Although Bloomberg does a better job of balancing their take by quoting Bob Henson, a meteorologist with Yale Climate Connections and the author of the Thinking Person’s Guide to Climate Change, who explains that: “This winter’s mild spells will clearly help Europe get through a war-related energy crunch […] but at the same climate has also raised the odds of horrific European wildfires like those that struck last summer. We can’t pick and choose from the many downsides and the occasional upside of a changing climate.”

Most media feel the heat

The overwhelming majority of articles on the unfolding heatwave have, in fairness, seen past the potential positive short term implications for Europe’s energy crisis, recognising and emphasizing the climate implications that the extreme weather will have.

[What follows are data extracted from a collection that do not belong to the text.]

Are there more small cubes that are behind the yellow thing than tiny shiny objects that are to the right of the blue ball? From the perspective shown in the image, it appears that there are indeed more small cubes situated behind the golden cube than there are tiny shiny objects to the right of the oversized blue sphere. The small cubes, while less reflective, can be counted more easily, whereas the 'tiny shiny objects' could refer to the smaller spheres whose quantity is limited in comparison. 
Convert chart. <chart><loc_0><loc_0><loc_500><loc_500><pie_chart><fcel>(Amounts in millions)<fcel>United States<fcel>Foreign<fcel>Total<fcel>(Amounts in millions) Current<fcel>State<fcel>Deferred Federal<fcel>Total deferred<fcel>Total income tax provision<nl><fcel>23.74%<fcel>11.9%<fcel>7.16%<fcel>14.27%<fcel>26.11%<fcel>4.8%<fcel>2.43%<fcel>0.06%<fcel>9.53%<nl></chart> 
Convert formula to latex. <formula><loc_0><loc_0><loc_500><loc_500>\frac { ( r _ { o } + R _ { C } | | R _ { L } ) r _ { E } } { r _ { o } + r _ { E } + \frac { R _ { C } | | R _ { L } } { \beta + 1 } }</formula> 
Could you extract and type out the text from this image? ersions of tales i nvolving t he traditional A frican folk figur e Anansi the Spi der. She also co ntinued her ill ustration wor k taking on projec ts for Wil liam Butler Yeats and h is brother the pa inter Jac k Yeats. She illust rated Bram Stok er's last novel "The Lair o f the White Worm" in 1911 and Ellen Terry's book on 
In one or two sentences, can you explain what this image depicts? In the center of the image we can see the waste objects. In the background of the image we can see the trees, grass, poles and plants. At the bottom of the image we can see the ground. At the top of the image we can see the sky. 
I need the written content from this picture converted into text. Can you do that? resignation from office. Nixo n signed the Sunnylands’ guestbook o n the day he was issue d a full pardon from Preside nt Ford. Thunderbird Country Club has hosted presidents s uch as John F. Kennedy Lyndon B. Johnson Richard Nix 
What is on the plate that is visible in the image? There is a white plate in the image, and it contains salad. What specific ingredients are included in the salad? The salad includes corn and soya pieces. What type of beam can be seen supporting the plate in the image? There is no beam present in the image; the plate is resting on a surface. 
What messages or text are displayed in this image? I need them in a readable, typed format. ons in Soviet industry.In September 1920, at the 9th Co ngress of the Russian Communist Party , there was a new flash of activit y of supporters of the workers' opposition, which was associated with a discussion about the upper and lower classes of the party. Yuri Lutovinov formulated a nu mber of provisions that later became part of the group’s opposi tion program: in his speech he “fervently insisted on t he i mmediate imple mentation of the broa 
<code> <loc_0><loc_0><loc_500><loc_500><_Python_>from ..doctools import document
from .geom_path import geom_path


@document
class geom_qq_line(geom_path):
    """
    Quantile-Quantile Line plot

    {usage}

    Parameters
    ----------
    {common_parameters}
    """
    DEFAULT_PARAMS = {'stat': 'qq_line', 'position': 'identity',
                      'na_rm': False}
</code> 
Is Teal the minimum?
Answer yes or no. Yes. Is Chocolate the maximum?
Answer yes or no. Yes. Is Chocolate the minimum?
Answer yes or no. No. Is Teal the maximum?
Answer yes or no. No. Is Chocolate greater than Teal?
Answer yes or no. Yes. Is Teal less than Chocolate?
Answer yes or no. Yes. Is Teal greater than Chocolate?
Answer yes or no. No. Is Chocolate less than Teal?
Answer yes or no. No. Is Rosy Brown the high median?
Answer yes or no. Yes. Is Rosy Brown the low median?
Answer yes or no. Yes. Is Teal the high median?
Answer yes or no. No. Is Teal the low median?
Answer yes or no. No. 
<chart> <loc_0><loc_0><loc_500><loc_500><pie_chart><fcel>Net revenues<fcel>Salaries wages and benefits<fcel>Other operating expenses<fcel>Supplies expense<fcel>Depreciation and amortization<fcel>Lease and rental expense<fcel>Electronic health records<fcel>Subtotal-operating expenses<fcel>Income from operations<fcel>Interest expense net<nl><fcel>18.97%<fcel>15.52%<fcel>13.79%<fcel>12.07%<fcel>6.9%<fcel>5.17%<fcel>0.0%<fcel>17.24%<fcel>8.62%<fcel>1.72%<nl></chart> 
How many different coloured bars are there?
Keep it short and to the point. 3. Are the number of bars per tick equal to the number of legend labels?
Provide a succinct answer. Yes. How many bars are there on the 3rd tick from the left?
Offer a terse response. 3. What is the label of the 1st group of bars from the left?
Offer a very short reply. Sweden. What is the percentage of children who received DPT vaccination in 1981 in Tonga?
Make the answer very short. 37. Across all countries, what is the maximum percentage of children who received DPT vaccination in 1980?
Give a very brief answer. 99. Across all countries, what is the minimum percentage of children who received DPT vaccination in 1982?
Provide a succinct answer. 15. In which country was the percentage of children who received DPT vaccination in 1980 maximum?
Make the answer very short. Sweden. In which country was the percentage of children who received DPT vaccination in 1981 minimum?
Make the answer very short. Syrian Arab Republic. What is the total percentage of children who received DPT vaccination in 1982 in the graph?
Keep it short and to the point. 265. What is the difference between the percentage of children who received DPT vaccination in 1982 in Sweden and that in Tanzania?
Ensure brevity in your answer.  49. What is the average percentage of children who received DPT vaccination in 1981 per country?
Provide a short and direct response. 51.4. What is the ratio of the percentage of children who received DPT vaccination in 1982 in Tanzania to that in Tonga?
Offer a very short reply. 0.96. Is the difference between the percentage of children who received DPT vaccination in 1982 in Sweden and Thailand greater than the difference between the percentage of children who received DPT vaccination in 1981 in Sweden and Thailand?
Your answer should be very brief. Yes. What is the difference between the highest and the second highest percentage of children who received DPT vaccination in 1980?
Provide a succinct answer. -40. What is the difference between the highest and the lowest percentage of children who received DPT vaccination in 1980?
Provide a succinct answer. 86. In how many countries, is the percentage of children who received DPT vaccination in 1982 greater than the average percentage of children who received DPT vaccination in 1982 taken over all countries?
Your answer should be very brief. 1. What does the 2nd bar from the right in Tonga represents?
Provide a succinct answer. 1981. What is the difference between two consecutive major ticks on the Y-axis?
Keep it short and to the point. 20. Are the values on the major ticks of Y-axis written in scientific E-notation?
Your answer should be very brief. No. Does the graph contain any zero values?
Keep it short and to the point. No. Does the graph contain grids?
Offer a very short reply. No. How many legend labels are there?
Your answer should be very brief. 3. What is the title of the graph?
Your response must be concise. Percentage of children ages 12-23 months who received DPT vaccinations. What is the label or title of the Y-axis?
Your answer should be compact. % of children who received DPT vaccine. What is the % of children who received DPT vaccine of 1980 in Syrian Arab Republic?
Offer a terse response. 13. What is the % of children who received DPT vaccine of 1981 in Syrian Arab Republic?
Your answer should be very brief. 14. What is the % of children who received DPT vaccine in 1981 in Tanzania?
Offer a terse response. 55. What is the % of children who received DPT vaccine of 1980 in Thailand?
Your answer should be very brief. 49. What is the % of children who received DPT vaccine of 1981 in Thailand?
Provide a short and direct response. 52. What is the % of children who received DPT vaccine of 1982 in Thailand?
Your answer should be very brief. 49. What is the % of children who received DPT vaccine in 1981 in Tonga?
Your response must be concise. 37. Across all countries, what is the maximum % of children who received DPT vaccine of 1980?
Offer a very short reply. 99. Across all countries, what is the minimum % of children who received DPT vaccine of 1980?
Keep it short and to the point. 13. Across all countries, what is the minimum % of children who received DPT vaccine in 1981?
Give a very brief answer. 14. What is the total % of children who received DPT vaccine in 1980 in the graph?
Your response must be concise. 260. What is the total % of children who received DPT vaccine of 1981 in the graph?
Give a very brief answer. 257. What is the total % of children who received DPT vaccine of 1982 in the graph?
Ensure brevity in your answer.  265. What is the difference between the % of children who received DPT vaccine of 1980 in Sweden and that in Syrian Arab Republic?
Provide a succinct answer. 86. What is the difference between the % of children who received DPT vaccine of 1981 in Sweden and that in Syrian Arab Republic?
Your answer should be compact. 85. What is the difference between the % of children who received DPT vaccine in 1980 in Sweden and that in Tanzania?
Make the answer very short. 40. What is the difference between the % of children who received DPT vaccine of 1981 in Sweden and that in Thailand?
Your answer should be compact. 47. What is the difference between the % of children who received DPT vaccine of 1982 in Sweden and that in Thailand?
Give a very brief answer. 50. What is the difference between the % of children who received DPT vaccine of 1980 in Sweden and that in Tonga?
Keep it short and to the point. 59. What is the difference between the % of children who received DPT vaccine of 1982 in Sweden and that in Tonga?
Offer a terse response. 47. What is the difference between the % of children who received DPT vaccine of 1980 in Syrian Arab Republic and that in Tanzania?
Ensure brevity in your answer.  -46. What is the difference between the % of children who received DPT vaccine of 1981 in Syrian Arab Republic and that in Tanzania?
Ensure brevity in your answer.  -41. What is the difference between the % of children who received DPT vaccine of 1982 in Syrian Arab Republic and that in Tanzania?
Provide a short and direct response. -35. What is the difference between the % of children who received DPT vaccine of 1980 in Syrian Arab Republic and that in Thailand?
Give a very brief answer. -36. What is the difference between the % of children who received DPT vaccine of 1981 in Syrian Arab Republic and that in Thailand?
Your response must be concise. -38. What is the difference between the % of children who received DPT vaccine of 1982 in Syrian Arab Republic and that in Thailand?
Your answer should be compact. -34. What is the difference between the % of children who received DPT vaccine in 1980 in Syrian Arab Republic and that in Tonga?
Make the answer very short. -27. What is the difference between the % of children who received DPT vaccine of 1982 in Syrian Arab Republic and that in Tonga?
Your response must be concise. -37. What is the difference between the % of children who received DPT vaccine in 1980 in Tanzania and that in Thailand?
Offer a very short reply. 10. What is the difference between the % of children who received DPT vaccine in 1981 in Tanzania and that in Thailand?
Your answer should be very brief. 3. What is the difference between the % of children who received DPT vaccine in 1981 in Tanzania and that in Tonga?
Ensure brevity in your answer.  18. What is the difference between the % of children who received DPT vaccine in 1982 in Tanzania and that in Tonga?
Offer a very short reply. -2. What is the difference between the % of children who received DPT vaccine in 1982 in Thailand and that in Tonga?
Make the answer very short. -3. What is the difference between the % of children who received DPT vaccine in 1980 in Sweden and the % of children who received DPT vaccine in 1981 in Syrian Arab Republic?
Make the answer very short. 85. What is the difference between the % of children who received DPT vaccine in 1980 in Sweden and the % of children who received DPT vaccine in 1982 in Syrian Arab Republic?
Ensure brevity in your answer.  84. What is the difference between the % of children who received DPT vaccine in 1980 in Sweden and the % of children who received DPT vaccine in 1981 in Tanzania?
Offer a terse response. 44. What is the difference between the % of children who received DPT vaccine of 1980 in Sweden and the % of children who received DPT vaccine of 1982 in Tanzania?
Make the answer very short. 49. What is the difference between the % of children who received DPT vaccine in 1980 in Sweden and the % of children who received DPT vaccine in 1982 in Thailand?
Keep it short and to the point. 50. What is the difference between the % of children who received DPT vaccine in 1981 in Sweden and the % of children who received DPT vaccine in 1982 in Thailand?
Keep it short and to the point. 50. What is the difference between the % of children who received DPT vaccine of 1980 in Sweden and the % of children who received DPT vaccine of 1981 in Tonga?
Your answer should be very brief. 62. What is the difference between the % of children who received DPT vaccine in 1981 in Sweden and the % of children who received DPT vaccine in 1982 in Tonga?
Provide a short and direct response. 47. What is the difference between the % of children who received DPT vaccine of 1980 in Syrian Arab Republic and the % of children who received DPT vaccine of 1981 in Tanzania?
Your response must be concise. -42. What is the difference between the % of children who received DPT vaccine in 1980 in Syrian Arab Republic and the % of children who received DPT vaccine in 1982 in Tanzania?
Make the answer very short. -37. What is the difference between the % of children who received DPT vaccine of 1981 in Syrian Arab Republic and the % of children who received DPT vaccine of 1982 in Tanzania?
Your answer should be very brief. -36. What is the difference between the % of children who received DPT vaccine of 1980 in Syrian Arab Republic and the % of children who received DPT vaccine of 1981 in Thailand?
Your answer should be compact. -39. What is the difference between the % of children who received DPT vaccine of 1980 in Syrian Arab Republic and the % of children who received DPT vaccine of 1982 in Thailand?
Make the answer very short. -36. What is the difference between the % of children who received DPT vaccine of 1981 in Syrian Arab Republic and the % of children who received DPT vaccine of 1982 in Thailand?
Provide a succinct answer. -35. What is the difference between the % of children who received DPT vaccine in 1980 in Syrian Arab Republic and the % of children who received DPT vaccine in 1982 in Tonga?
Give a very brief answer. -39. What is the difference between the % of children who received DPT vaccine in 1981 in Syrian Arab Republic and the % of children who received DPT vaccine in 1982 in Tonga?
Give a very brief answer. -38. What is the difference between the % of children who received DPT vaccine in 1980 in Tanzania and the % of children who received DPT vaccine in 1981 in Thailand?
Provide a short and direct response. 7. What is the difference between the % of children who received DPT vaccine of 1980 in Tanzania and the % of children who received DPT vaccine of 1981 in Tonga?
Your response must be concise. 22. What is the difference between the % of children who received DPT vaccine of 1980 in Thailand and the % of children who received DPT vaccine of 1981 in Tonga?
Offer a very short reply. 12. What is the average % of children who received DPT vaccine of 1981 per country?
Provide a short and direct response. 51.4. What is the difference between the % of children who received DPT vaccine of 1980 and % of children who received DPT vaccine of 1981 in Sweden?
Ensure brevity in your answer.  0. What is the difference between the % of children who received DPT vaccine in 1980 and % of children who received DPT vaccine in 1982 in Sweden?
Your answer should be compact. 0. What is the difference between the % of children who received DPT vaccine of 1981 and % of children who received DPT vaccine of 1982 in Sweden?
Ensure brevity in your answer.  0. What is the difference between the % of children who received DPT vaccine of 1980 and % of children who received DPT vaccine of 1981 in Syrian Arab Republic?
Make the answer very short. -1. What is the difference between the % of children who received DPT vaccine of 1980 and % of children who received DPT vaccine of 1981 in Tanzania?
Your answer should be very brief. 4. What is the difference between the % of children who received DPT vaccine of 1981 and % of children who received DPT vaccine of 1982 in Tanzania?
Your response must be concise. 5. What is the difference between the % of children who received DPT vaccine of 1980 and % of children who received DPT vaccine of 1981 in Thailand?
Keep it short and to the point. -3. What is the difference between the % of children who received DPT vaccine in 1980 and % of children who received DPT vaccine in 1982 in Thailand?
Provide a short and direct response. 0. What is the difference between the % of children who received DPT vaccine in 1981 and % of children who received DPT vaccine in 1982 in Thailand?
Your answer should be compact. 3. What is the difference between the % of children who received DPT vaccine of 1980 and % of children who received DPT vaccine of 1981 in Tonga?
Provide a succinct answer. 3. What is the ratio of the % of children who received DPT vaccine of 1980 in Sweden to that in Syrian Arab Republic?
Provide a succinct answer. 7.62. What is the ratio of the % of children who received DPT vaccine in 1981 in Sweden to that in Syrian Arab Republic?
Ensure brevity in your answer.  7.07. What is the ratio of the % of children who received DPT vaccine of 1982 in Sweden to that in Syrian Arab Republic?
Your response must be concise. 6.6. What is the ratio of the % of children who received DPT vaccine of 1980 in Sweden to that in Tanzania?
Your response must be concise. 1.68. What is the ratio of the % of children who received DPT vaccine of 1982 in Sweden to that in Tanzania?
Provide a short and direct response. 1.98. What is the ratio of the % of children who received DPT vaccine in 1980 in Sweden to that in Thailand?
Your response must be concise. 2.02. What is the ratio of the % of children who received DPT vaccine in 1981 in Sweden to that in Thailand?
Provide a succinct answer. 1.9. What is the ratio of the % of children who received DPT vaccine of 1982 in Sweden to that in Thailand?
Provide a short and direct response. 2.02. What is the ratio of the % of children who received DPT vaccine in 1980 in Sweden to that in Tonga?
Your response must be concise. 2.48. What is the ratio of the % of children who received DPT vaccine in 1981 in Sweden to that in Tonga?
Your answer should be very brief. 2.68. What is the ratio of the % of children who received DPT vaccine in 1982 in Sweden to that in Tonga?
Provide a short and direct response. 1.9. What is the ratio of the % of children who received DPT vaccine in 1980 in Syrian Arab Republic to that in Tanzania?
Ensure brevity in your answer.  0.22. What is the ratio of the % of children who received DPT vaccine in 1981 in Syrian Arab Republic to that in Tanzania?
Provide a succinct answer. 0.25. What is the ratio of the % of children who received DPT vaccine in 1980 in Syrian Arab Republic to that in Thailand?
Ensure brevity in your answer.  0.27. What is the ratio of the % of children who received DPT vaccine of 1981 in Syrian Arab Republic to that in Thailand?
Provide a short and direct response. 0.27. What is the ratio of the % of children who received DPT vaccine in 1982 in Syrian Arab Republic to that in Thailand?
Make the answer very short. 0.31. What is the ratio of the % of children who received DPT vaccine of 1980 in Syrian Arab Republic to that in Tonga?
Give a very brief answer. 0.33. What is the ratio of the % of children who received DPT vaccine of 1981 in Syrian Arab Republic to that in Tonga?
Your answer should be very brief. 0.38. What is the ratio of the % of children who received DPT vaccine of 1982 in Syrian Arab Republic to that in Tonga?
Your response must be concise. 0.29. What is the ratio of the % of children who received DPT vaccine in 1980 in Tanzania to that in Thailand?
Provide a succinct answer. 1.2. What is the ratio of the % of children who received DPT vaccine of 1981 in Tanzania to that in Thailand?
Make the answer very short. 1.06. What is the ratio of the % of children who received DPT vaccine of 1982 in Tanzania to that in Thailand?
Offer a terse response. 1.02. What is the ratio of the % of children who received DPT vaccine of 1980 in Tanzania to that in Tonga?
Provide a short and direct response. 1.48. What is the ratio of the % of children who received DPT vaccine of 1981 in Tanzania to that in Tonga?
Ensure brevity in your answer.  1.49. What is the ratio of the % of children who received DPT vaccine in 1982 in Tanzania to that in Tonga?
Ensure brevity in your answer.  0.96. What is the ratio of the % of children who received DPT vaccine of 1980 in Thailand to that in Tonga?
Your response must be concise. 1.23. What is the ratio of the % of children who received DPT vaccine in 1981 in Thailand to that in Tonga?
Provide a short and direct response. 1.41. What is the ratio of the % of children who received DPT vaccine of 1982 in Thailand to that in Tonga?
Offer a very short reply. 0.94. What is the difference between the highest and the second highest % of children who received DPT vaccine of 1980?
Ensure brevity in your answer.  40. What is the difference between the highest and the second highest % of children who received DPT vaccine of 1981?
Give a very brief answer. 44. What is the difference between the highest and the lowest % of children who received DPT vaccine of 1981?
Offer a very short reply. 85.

In European media a lot of the focus revolved around the implications that the heatwave is having for snow and ice cover and therefore ski resorts and local mountain economies. Numerous papers feature images of isolated white tongues snaking their way down grassy slopes, a sorry reminder of the past glories of ski resorts across the alps, that today rely increasingly on artificial snow to keep the tourism industry afloat.

In the UK the Daily Mail, Independent, Guardian and BBC all featured coverage of the impact of the heatwave on ski resorts across the Alps and all featured strong language of “crisis”, “record-breaking heat”, “most extreme”, as well as referencing the wider context: “Yet the heatwave should alarm us all. Though it may have been less punitive to experience than last summer’s record temperatures, which led to thousands of deaths, it has spread across many more countries,” writes The Guardian.

On mainland Europe coverage followed a similar trend with canceled World Cup ski races also taking many of the headlines as the hot weather forced numerous events in Germany, France and Switzerland to be postponed due to unsuitable weather conditions. Many of the articles make the link between the warm weather and man-made climate change and how low-altitude ski resorts will increasingly have to rely on expensive snowmaking to survive.

In one of the most sobering summaries of the current state of Europe’s 30-plus billion USD ski industry, Time magazine writes that: “by the end of this century, warns the Institute for Snow and Avalanche Research, only resorts above 2,500 meters will get enough natural snow to stay in business. Even at the Swiss resort of Davos, where the annual meeting of the World Economic Forum begins on January 16, snowpack remains meagre on the lower slopes.”

Yet the concern is not just limited to snow and tourism. Climatologists on Twitter were also unanimous in their reporting of the heatwave as a potentially shedwater moment. “One of the most severe winter heatwaves in Europe’s modern history visualized over the last 2 days,” meteorologist  Nahel Belgherze said in his tweet. “Hundreds of monthly warm temperature records were broken all over the continent. This is exactly the kind of very abnormal event that is progressively rewriting global climatology.”

The heatwave currently hitting Europe is also not an isolated event. At the same time heatwaves are running through Australasia, South Africa and South America, with widespread consequences such as wildfires, drought and impacts on human health and local media outlets using correspondingly dire language to describe the events.